In establishing minimum standards of health and safety, the European Union has required that member states concern themselves with not only the health and safety of its workers but also anyone who visits the workplace (Jacobsen, 2006). The standards must fully assess the risks and implement controls that reduce the assessed risks. In addition to establishing minimum standards, the Union requires that an educational and training program be implemented that provides workers with the information necessary to ensures their health and safety. The Union also suggests that business initiate internal monitoring and surveillance of their working environments.
The European Union's concern with discrimination, equality and health and safety in the work place are all consistent with the Union's overall concern with human rights. The Union has concerned itself with improving the humanitarian and economic conditions of European workers since its earliest days and has attempted to do so while creating more jobs and better quality jobs as well. When the European Union first began developing the laws governing these issues often conflicted among its member states and the goal of the Union has been to coordinate as many of these laws and regulations as possible and create a new system that covers the maximum number of risks while utilizing the minimum number of laws and regulations. The process has taken time and considerable effort by the member states but the Union is gaining ground in attempting to build a unified system of laws that govern not only concerns over discrimination but also the health and safety of European workers.

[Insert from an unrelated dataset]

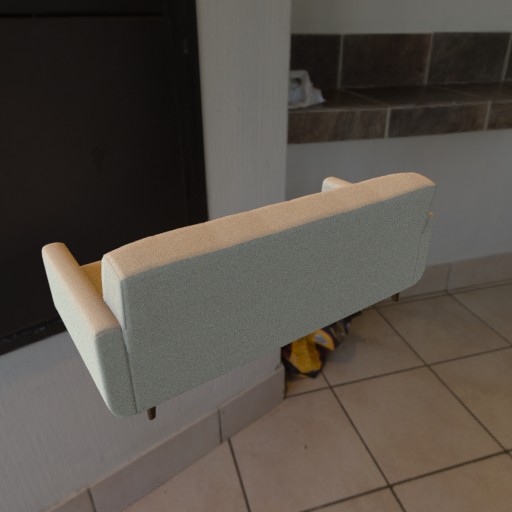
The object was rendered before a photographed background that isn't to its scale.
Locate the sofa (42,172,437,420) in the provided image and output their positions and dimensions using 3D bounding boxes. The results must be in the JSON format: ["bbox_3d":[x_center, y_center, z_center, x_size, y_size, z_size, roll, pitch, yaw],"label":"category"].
[{"bbox_3d":[0.000,0.000,2.622,2.137,0.892,0.980,-18,33,-30],"label":"sofa"}]

3. The European Union has been on the forefront of data protection legislation leading the entire world in its attempts to protect the privacy of individuals living within European member states. In this regard, the European Union has declared that the protection of personal information date is a fundamental right of all individuals living in a member state.
In order to provide the maximum level of protection, the European Union has enacted legislation that requires that all its member states provide the same level of protection (Sullivan, 2006). Requiring uniform protection ensures that there will be no breakdown and information will be accidently released to any agency that is not entitled to it. As an additional protection, the European Union also requires that any non-European Union nation must maintain the same level of protection before releasing information to said requesting nation.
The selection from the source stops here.